◆ What is required:
Retype only what runs from the first line of the listing to the line holding "doc.units = ezdxf.units.MM", both included. Do not retype the pictures.

::: Input for this task :::

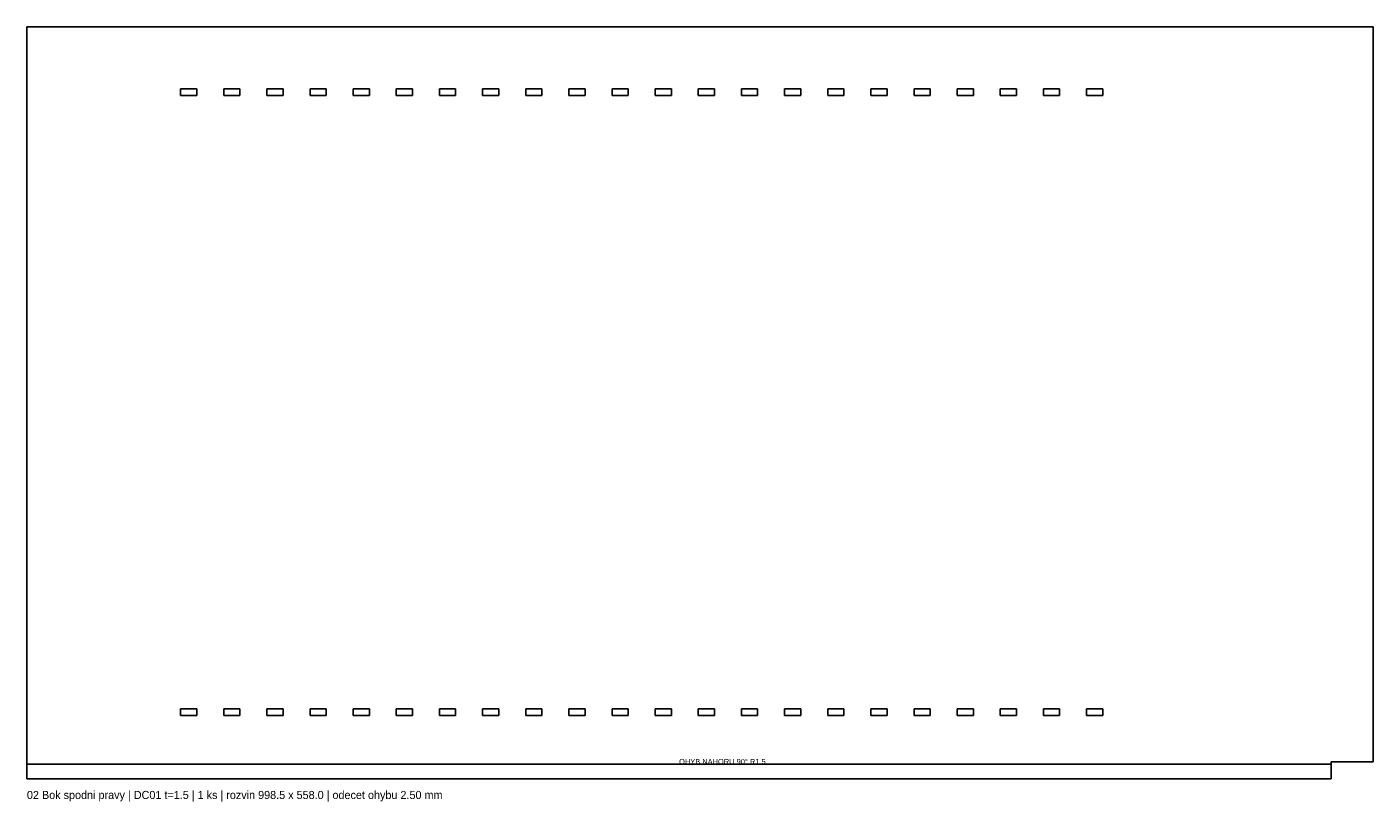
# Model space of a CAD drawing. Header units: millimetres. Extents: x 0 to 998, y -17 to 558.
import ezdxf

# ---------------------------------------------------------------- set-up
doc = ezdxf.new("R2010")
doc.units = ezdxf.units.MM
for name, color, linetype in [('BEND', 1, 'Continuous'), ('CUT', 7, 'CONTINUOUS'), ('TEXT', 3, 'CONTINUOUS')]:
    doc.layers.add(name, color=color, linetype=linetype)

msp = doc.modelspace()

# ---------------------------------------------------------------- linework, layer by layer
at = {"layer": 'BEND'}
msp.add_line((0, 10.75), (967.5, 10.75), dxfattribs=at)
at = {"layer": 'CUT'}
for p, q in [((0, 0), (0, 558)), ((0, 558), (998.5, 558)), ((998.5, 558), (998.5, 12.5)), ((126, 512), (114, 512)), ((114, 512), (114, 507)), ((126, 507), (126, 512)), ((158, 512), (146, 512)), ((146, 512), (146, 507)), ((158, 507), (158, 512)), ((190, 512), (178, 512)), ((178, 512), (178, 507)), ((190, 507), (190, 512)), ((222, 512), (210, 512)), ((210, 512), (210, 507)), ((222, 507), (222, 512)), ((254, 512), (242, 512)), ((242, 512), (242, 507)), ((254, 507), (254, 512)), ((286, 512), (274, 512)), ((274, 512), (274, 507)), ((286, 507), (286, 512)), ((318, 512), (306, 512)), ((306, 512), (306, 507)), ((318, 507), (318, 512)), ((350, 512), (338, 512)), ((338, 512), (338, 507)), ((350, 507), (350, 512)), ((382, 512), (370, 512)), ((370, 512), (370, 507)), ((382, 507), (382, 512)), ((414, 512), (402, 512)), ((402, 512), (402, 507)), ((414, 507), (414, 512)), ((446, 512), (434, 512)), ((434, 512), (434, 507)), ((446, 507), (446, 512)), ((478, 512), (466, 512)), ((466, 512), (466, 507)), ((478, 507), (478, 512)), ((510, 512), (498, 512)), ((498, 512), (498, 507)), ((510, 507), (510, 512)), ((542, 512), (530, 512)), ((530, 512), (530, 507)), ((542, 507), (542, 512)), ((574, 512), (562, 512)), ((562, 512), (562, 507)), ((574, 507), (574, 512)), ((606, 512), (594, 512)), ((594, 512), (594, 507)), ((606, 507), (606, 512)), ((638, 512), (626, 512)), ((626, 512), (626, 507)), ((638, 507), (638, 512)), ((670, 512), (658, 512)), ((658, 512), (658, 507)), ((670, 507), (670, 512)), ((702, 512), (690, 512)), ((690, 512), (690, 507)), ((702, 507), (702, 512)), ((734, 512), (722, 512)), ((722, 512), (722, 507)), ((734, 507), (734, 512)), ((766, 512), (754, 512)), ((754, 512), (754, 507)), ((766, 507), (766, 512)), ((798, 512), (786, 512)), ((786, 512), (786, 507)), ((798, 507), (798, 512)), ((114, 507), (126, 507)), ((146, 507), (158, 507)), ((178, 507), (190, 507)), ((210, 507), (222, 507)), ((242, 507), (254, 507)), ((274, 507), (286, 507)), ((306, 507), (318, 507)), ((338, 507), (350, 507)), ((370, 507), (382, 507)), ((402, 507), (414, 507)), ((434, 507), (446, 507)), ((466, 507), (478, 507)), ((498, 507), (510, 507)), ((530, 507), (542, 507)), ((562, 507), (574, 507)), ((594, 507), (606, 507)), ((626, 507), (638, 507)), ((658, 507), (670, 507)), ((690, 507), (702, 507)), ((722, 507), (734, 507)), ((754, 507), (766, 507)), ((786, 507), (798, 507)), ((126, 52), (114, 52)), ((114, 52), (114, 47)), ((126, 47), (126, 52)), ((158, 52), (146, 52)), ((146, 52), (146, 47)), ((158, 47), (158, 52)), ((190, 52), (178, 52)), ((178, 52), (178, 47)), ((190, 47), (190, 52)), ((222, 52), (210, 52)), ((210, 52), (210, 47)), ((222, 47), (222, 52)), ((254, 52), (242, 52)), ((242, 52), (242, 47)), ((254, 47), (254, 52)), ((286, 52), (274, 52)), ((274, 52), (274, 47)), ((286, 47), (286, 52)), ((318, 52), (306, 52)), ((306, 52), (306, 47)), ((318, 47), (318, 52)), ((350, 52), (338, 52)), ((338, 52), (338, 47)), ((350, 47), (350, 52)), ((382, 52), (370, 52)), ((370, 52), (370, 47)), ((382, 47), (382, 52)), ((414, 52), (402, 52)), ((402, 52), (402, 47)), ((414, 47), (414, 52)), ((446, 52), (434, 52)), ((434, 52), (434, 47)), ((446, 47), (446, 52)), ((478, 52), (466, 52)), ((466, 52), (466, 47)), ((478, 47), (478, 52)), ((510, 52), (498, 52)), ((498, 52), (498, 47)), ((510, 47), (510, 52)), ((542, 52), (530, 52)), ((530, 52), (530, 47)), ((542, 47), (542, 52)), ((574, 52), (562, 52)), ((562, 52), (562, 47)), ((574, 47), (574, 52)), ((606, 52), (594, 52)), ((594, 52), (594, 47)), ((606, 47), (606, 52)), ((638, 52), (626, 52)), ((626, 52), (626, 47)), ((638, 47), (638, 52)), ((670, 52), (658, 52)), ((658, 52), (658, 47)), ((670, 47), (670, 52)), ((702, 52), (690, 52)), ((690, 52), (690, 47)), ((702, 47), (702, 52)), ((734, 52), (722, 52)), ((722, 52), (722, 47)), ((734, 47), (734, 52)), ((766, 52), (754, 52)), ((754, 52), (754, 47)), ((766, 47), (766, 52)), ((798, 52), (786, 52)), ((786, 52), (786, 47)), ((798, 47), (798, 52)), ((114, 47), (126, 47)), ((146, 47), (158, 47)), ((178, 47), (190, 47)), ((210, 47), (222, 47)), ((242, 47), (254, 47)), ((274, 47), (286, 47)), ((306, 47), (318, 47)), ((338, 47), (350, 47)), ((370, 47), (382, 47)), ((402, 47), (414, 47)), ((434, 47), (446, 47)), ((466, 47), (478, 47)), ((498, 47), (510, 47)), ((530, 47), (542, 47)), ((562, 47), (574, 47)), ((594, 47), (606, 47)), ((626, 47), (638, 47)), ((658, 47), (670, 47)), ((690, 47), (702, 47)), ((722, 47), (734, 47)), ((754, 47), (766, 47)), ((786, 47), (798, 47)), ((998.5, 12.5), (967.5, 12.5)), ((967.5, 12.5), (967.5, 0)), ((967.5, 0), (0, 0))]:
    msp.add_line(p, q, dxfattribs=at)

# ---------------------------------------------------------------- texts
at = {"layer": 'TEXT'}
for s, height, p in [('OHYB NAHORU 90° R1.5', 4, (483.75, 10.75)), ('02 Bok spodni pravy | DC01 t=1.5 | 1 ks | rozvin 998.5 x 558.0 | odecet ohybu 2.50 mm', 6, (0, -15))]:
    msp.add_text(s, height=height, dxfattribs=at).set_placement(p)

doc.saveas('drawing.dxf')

:::

◆ Exercise response:
# Model space of a CAD drawing. Header units: millimetres. Extents: x 0 to 998, y -17 to 558.
import ezdxf

# ---------------------------------------------------------------- set-up
doc = ezdxf.new("R2010")
doc.units = ezdxf.units.MM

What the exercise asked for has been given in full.